Assignment. Taking the first line of the listing as the start and the line containing "6. bucket [62,163,97,183]" as the end, reproduce everything in between exactly, both ends included.

========

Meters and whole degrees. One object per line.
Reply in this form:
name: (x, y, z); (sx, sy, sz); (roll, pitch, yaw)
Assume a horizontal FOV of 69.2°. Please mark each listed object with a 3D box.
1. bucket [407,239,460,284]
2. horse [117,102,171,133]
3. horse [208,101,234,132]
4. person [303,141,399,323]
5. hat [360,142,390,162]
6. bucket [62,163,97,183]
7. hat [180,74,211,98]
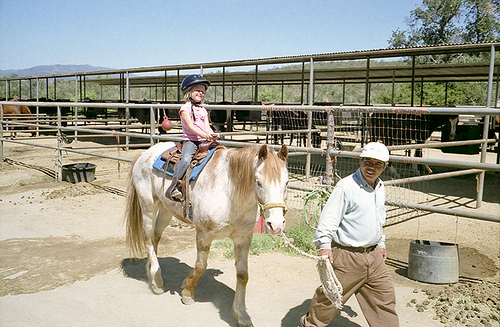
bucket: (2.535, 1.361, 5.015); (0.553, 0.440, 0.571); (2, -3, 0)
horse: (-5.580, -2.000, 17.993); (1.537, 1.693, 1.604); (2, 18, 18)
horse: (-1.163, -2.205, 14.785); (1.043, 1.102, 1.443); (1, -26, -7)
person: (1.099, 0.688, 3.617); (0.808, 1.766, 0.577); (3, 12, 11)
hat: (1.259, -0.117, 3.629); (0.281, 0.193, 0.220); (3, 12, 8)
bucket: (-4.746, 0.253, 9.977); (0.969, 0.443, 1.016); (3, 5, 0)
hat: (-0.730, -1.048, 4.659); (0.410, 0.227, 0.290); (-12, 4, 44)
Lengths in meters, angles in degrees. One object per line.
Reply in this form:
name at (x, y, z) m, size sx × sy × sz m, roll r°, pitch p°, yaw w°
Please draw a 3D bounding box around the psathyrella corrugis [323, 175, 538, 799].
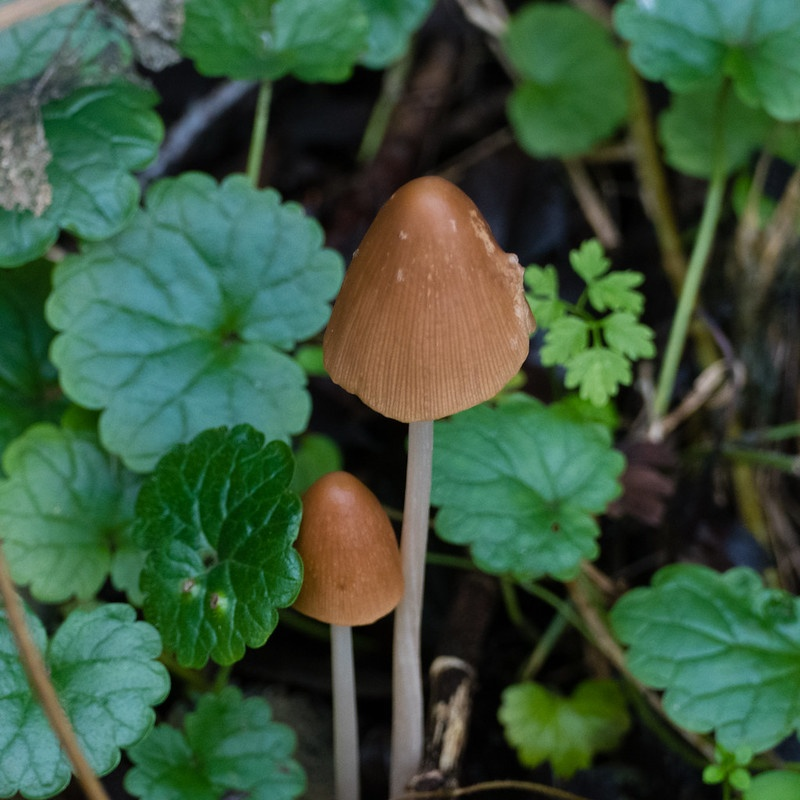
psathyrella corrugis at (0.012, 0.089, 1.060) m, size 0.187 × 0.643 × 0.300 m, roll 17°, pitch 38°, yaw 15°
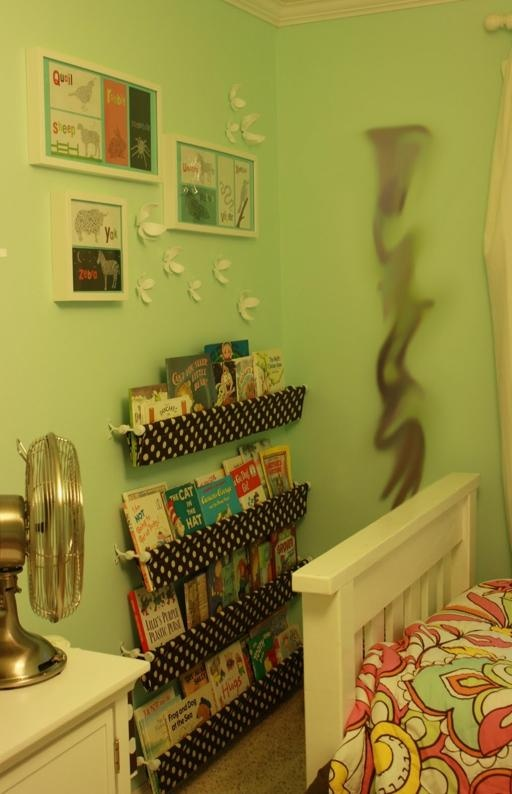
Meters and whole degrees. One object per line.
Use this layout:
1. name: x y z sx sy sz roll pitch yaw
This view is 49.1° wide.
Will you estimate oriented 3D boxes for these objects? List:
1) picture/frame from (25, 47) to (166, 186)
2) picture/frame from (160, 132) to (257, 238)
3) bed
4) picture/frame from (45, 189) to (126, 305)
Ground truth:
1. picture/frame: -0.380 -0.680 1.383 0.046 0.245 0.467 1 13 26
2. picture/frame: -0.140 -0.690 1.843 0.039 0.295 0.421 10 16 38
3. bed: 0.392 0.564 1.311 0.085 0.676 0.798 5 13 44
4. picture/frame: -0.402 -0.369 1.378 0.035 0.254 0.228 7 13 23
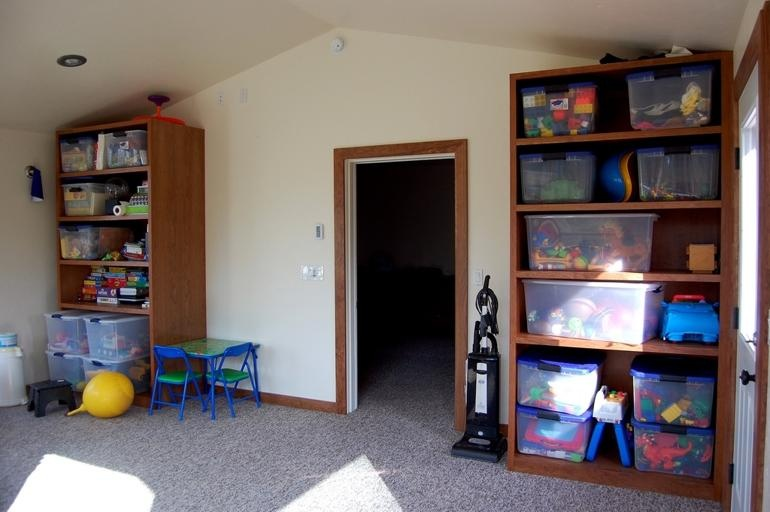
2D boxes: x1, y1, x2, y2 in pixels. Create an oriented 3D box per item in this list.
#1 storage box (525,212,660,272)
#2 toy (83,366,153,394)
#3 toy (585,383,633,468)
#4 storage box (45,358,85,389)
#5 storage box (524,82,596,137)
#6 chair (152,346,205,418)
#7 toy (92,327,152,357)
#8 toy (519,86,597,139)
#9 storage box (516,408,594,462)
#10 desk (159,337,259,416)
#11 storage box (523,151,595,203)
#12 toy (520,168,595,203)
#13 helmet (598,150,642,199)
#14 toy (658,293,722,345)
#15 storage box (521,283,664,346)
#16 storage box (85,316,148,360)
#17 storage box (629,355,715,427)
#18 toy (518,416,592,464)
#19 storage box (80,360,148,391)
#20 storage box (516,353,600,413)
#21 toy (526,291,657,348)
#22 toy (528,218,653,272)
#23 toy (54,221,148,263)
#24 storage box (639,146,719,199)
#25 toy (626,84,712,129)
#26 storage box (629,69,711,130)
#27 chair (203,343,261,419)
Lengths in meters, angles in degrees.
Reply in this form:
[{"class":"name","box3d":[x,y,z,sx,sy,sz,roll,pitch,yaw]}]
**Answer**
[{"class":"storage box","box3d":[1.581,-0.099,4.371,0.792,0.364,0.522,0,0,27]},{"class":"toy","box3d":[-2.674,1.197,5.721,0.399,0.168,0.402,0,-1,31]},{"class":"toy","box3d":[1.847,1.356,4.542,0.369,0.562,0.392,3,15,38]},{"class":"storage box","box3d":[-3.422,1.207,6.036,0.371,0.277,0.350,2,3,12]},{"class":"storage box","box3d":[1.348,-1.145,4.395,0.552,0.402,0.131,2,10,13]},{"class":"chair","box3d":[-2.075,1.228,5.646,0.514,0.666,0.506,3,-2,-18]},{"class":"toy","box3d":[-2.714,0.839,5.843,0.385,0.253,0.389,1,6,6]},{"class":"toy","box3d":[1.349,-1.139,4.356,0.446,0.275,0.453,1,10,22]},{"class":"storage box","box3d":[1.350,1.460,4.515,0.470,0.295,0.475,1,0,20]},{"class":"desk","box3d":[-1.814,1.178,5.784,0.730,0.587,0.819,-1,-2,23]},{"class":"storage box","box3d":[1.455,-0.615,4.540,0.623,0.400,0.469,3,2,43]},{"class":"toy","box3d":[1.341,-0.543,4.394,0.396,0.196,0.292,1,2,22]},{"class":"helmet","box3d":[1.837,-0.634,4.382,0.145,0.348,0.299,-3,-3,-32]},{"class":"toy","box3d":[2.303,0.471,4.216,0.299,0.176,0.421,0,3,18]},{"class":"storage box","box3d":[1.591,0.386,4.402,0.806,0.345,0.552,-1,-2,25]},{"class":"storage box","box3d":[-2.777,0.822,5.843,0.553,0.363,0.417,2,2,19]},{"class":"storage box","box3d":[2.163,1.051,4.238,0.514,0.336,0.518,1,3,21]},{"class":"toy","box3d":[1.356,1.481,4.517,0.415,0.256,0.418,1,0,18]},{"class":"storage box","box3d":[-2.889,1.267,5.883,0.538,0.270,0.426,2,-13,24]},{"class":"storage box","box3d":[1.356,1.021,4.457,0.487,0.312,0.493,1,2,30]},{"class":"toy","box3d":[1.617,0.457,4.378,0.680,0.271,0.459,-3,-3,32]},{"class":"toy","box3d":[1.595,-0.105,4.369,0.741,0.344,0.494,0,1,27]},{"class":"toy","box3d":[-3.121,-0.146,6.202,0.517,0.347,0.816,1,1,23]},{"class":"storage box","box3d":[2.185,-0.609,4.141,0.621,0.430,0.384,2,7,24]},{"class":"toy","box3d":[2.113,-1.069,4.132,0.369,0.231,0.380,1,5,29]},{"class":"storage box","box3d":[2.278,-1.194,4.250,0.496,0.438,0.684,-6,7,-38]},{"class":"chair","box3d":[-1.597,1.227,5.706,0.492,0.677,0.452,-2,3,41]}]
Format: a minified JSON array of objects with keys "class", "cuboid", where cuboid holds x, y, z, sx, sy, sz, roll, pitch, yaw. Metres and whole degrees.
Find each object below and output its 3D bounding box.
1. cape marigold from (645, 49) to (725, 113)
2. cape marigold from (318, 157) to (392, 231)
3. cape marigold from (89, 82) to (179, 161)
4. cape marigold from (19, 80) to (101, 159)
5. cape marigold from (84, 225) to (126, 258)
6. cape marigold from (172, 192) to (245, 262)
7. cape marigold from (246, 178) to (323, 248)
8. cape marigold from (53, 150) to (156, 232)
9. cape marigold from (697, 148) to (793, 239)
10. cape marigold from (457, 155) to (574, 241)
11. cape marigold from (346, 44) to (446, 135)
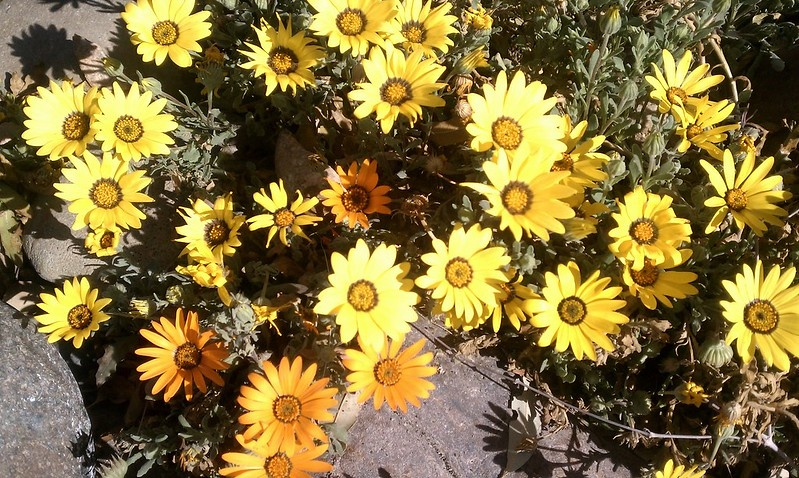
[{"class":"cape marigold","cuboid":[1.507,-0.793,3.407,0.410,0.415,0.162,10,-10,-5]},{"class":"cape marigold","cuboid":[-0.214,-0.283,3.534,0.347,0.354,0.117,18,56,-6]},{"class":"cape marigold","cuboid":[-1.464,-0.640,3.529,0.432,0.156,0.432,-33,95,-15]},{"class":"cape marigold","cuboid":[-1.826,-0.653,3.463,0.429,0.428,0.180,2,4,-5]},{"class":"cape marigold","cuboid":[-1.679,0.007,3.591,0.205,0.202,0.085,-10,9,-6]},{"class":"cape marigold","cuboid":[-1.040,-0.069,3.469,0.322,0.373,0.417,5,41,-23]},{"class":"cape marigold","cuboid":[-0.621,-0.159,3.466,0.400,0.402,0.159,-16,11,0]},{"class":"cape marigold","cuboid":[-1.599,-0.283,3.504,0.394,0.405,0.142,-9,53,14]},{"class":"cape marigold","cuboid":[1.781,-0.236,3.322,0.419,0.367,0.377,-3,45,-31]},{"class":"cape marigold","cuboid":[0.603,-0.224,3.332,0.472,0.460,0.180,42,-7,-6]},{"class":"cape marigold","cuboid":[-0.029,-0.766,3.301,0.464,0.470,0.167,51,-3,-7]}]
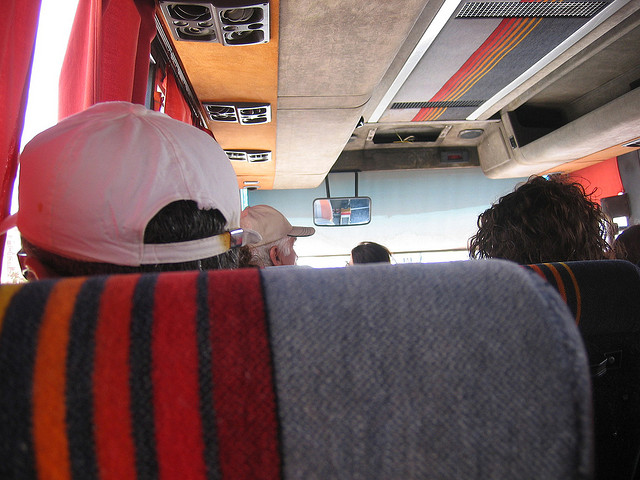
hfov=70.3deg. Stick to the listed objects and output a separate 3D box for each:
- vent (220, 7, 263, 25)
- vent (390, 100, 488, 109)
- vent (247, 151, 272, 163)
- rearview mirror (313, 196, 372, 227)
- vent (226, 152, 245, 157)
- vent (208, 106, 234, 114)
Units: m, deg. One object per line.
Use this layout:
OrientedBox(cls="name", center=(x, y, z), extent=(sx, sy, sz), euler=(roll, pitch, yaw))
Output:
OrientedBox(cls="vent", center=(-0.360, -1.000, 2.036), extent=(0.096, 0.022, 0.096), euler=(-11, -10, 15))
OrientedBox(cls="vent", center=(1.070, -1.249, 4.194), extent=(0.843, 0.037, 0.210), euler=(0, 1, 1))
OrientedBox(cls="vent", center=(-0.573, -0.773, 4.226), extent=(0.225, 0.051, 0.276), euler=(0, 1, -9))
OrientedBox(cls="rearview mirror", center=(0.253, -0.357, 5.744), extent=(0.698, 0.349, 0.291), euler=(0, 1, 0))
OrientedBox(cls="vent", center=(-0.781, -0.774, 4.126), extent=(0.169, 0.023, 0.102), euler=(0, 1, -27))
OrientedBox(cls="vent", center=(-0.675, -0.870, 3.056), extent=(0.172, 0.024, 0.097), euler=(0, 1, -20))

========

Exercise solution.
Meters and whole degrees. One object per line.
Reply in this form:
name: (x, y, z); (sx, sy, sz); (roll, pitch, yaw)
Assume a horizontal FOV of 69.2°. Please mark each listed object with a 3D box.
1. bucket [407,239,460,284]
2. horse [117,102,171,133]
3. horse [208,101,234,132]
4. person [303,141,399,323]
5. hat [360,142,390,162]
6. bucket [62,163,97,183]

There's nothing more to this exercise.